この石油パイプラインが現計画に沿って敷設された場合、最悪のシナリオでは、地球上の淡水の5分の1を貯える世界最大の淡水湖で、ユネスコ世界遺産にも指定されているバイカル湖が油汚染されるほか、日本海をのぞむアムール湾西岸地域に棲む野生のアムールヒョウ豹が絶滅してしまいます。
こうした危機感から、バイカル湖の街イルクーツクでは、3月18日、ロシア市民5000人が参加し、大規模な集会を行いました。そして、わずか500〜700メートルと湖に近接し過ぎている現計画ルートの変更を求めて国に働きかけました。

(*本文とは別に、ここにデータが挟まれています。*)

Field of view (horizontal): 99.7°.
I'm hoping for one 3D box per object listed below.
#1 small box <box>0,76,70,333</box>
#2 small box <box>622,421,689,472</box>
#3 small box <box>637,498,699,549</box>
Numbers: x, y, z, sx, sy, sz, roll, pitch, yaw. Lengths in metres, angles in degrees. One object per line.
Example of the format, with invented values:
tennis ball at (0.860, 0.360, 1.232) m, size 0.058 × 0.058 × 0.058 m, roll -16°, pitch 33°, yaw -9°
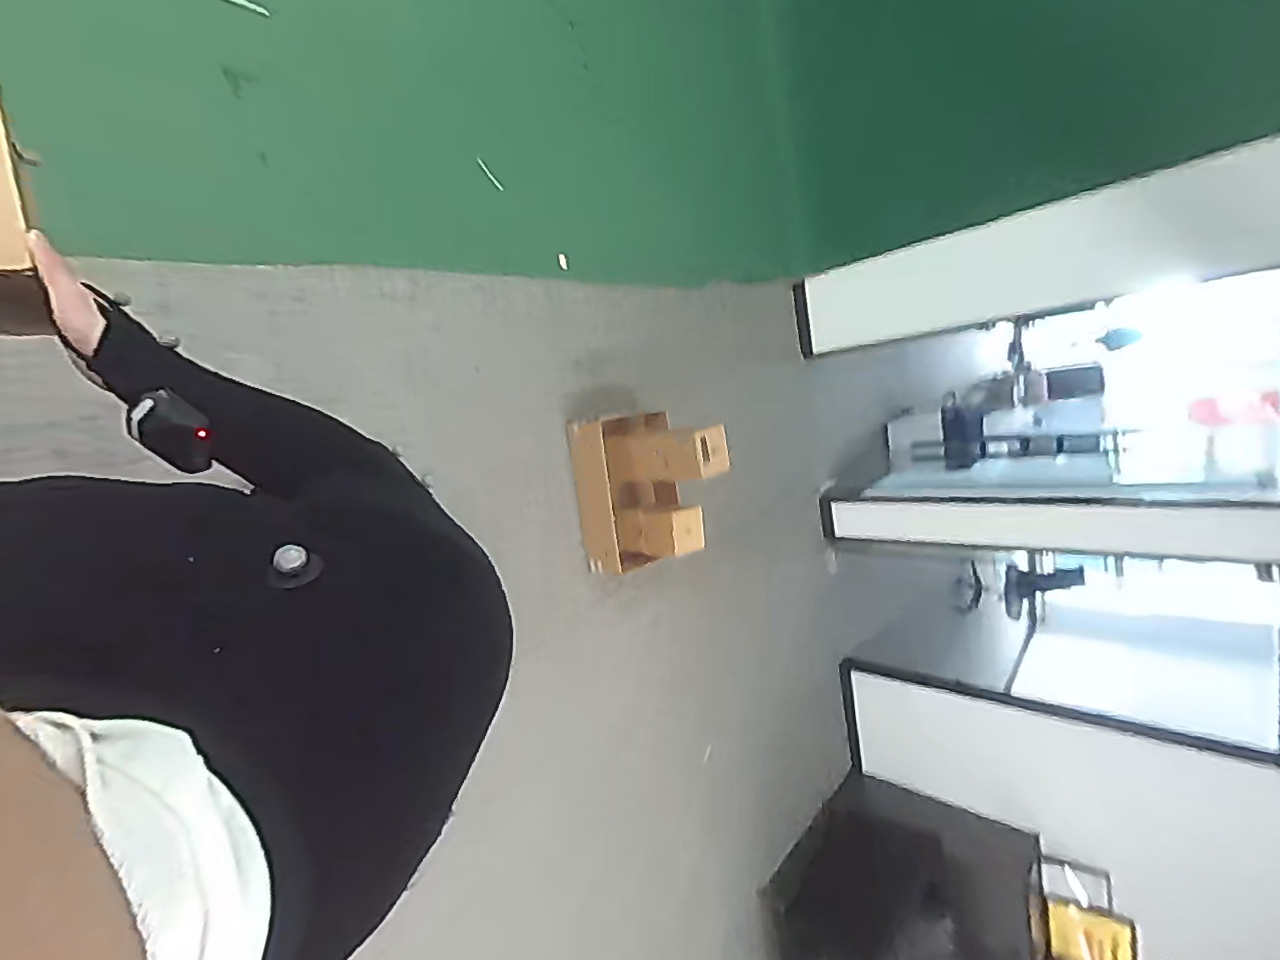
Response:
small box at (-0.640, -0.245, 0.476) m, size 0.168 × 0.176 × 0.179 m, roll -11°, pitch 91°, yaw -42°
small box at (0.058, -0.127, 2.056) m, size 0.179 × 0.176 × 0.168 m, roll -20°, pitch 104°, yaw -45°
small box at (0.108, 0.165, 2.107) m, size 0.179 × 0.176 × 0.168 m, roll -11°, pitch 98°, yaw -44°
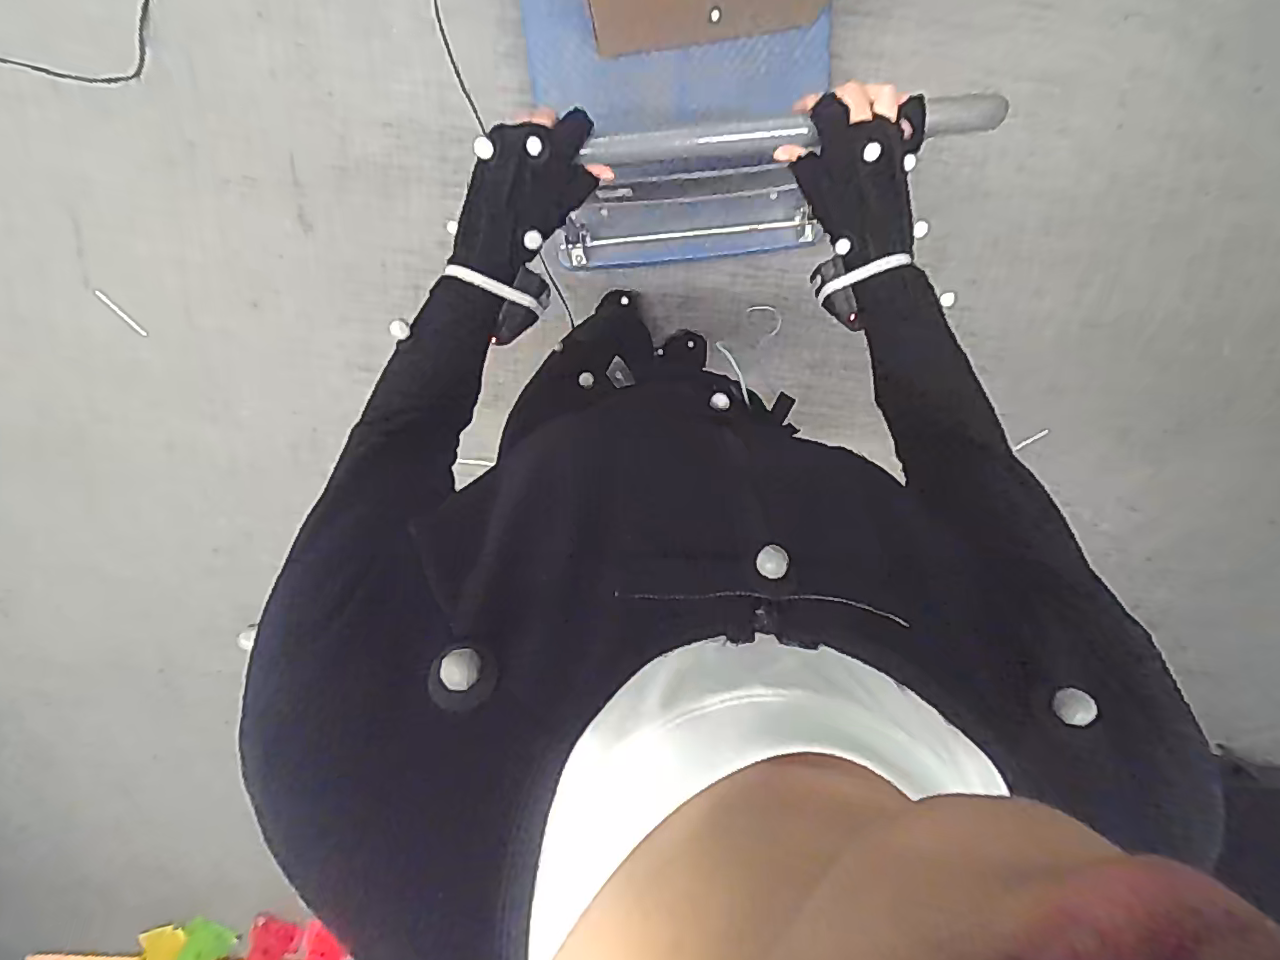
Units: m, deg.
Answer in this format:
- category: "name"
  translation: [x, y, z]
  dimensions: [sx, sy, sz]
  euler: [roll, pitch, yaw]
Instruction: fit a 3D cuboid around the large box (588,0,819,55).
- category: "large box"
  translation: [0.100, -0.927, 0.840]
  dimensions: [0.408, 0.320, 0.320]
  euler: [-6, 109, 4]

また、現計画で石油積出ターミナル建設予定地となっているペレボズナヤが、前述の豹の生息地や保護地域に近すぎること、さらに、海洋汚染のリスクが他の地域と比較して17倍も大きいことなどの問題も指摘されています。
日本では、FoE JapanとJWCSが、これらの問題を訴え、石油積出ターミナルの建設予定地が環境負荷の少ない他の場所に変更されるまで日本はこの計画に対する公的資金の投入を見合わせるよう求める要望書を作成しました。この要望書は、今年1月から2月にかけて3438名の人々からの署名をいただき、4月に小泉総理・衆参両院議員へ提出されました。

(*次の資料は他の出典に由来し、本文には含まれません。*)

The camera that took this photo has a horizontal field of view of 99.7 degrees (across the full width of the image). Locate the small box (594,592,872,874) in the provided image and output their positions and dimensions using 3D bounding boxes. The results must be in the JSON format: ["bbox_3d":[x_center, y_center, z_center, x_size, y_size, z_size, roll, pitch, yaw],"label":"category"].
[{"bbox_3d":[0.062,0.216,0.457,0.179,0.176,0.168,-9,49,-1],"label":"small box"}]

このパイプライン計画でロシア政府は日本・中国それぞれの政府・金融機関に投資や借款、融資を呼びかけており、その額は数十億ドル〜百億ドル(数千億円から1兆円)の規模といわれています。
この計画はなにを生み出すのか?巨額の費用を投じて実施されるこのような事業でなぜ、災害や最悪の事態を想定した予防措置を講じるという当り前のことが行われていないのか?なぜ、情報が出てこないのか。この素朴な疑問を持ってこの計画に迫りたいと思います。
↑シベリア-太平洋石油パイプラインの終着地・石油積出ターミナル建設予定地となっているペレボズナヤと、稀少な豹の生息するケドロバヤパジ自然保護区、地元の人々が養殖を営むアムール湾(ロシア沿海地方南西部)の、俯瞰イメージ。
水深の浅さや天候の不安定さから、大型オイルタンカー航行に伴う事故のリスクは相当高いとの指摘がロシア海運業者からもなされている海域。NGOはペレボズナヤよりも環境負荷の少ない代替地として、この一帯から東南東へ約100qのナホトカ湾岸などをパイプライン終着地として提案している。